Can the Chiefs get their act together? That’s another major storyline heading into the game. On September 5, in the NFL’s second annual “Brazil Game,” the Los Angeles Chargers danced past a disorganized-seeming Chiefs squad 27-21.
Not only did the game see Chiefs future Hall of Fame tight end Travis Kelce — fresh off his engagement to global pop mega-star Taylor Swift — catch just two passes (albeit one for a touchdown), he also inexplicably collided with wide receiver Xavier Worthy early in the first quarter.
The collision dislocated Worthy’s shoulder and ruled him out for the rest of the game — and possibly the Eagles matchup on Sunday as well.
On-Field Squabbling Bothers Gronk
Perhaps even more unsettling for the Chiefs, Kelce was seen berating offensive lineman Jawaan Taylor, who suffered four penalties in the loss, and late in the game when it became clear that the Kansas City defense could not contain quarterback Justin Herbert and the Chargers’ offense, linebacker Drue Tranquill and defensive tackle Chris Jones got into a verbal altercation on the field.
The infighting is what bothered commentator Rob Gronkowski, himself a future Hall of Fame tight end and three-time Super Bowl winner — twice with the New England Patriots, once with the Tampa Bay Buccaneers.
Gronkowski: Chiefs Will ‘Fold’
Speaking to NFL Network reporter Kay Adams Wednesday, Gronkowski said that the Chiefs’ infighting surprised him, and was “not a good situation.”
“You want to come together when you’re down to figure out why things aren’t going the way they need to go. It’s not a good sign,” Gronkowski said. “They’ve got to get on the same page and not blame each other.”
But Gronkowski went even further, questioning whether the current Chiefs team has the character for another run at the Super Bowl, even suggesting the Chiefs — who have played in five of the last six Super Bowls and won three — would “fold.”

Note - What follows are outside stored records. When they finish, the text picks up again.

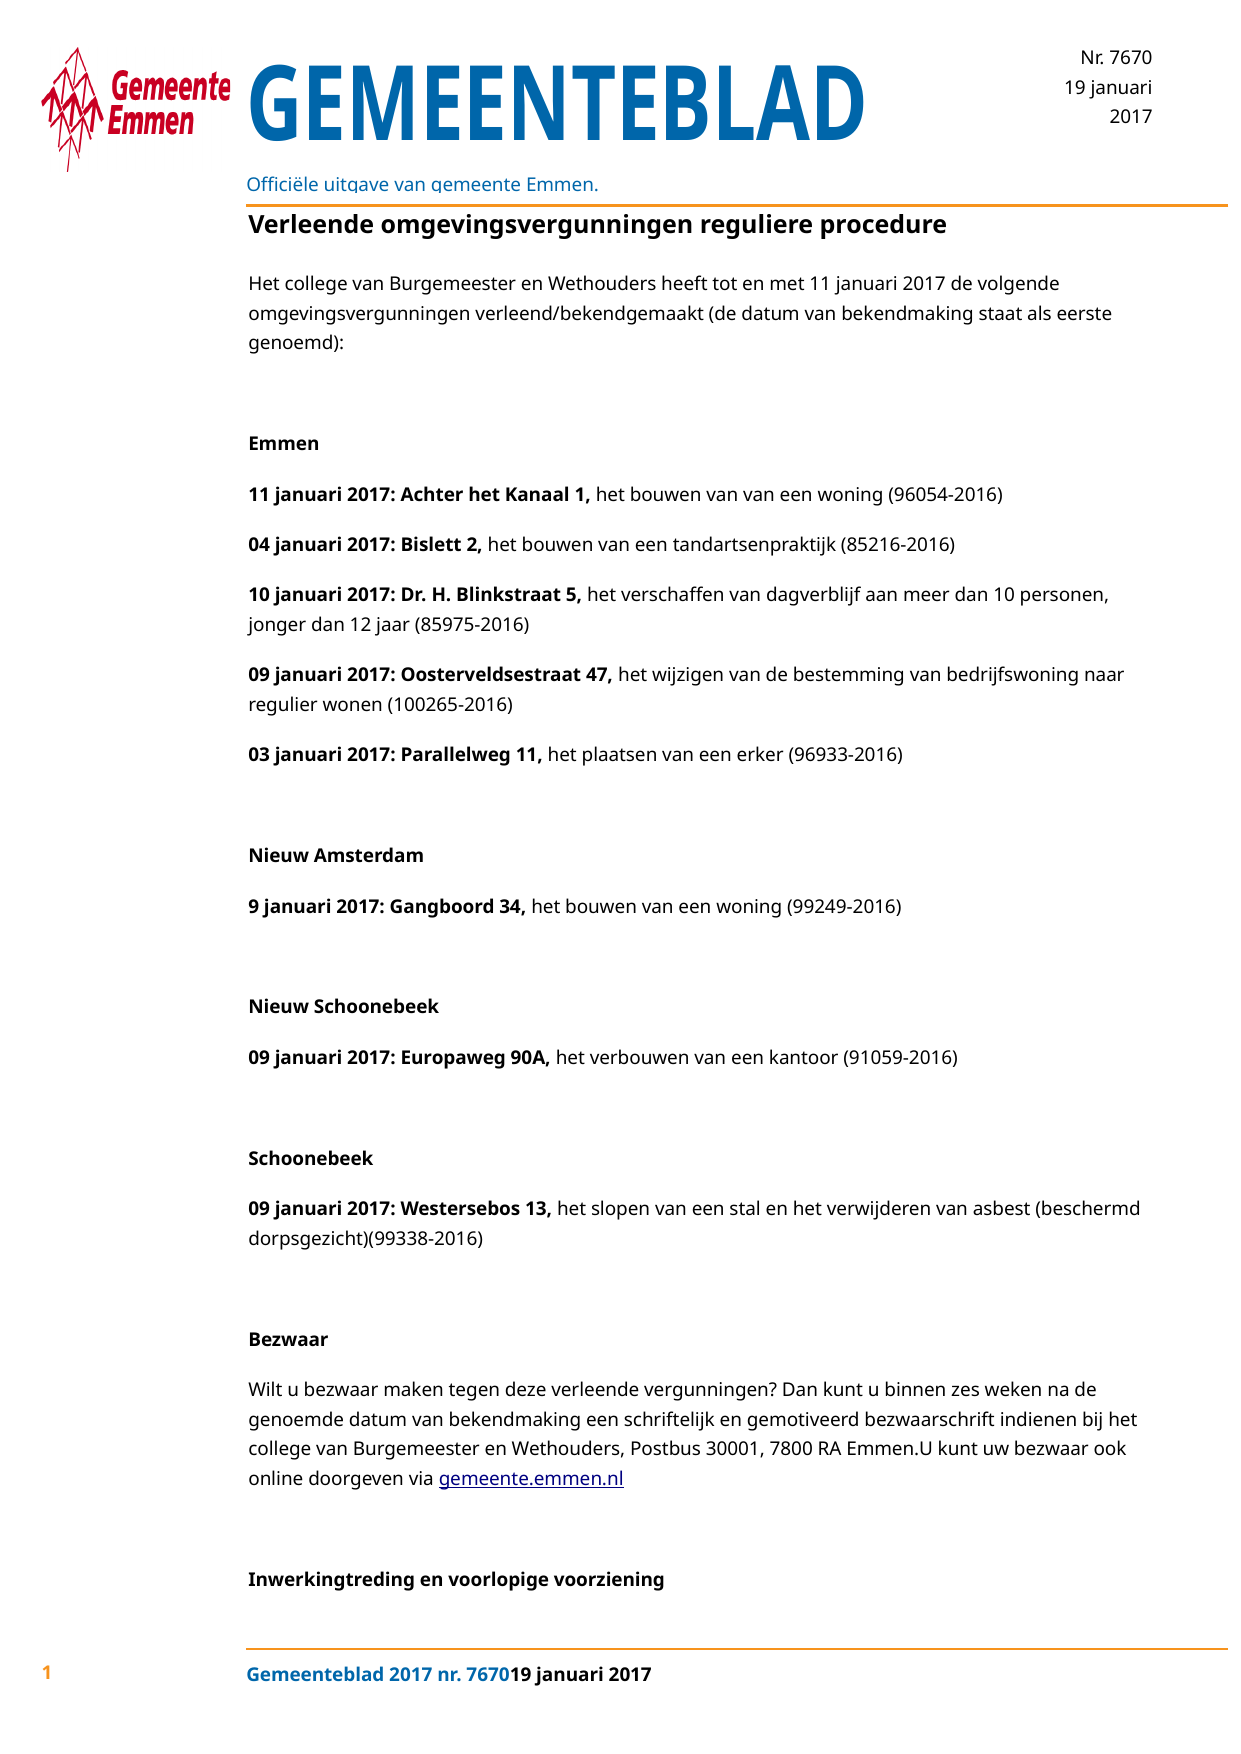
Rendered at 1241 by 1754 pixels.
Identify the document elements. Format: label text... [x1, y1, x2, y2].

text Schoonebeek [248, 1145, 1152, 1171]
text Emmen [248, 430, 1152, 456]
text 09 januari 2017: Europaweg 90A, het verbouwen van een kantoor (91059-2016) [248, 1044, 1152, 1070]
text Nieuw Amsterdam [248, 842, 1152, 868]
text Nieuw Schoonebeek [248, 994, 1152, 1019]
picture [41, 47, 231, 172]
text 09 januari 2017: Westersebos 13, het slopen van een stal en het verwijderen van asbest (beschermd dorpsgezicht)(99338-2016) [248, 1195, 1152, 1251]
text 04 januari 2017: Bislett 2, het bouwen van een tandartsenpraktijk (85216-2016) [248, 531, 1152, 557]
text 03 januari 2017: Parallelweg 11, het plaatsen van een erker (96933-2016) [248, 742, 1152, 767]
text Het college van Burgemeester en Wethouders heeft tot en met 11 januari 2017 de volgende omgevingsvergunningen verleend/bekendgemaakt (de datum van bekendmaking staat als eerste genoemd): [248, 270, 1152, 355]
text Verleende omgevingsvergunningen reguliere procedure [248, 207, 1152, 241]
text 9 januari 2017: Gangboord 34, het bouwen van een woning (99249-2016) [248, 893, 1152, 918]
text Inwerkingtreding en voorlopige voorziening [248, 1566, 1152, 1591]
text 10 januari 2017: Dr. H. Blinkstraat 5, het verschaffen van dagverblijf aan meer dan 10 personen, jonger dan 12 jaar (85975-2016) [248, 582, 1152, 637]
text 11 januari 2017: Achter het Kanaal 1, het bouwen van van een woning (96054-2016) [248, 481, 1152, 506]
text Wilt u bezwaar maken tegen deze verleende vergunningen? Dan kunt u binnen zes weken na de genoemde datum van bekendmaking een schriftelijk en gemotiveerd bezwaarschrift indienen bij het college van Burgemeester en Wethouders, Postbus 30001, 7800 RA Emmen.U kunt uw bezwaar ook online doorgeven via gemeente.emmen.nl [248, 1376, 1152, 1491]
text 09 januari 2017: Oosterveldsestraat 47, het wijzigen van de bestemming van bedrijfswoning naar regulier wonen (100265-2016) [248, 662, 1152, 717]
text Bezwaar [248, 1326, 1152, 1351]

“The chiefs were like, whoa, they’re coming at us. How do we react? Well, they didn’t know how to react because no one was doing that before,” Gronkowski said, recalling the Kansas City performance in Super Bowl 59. “So the Philadelphia Eagles open that floodgate of, ‘Hey, if you punch these guys in the face, you take it to ’em. You come out swinging, they’re gonna fold, and they’re not gonna be the team that you’ve been seeing all last year.'”
In the current Chiefs’ run of success, it was Gronkowski’s Tampa Bay team that inflicted the first Super Bowl defeat on Mahomes and Co. easily crushing the Chiefs 31-9 in Super Bowl 55.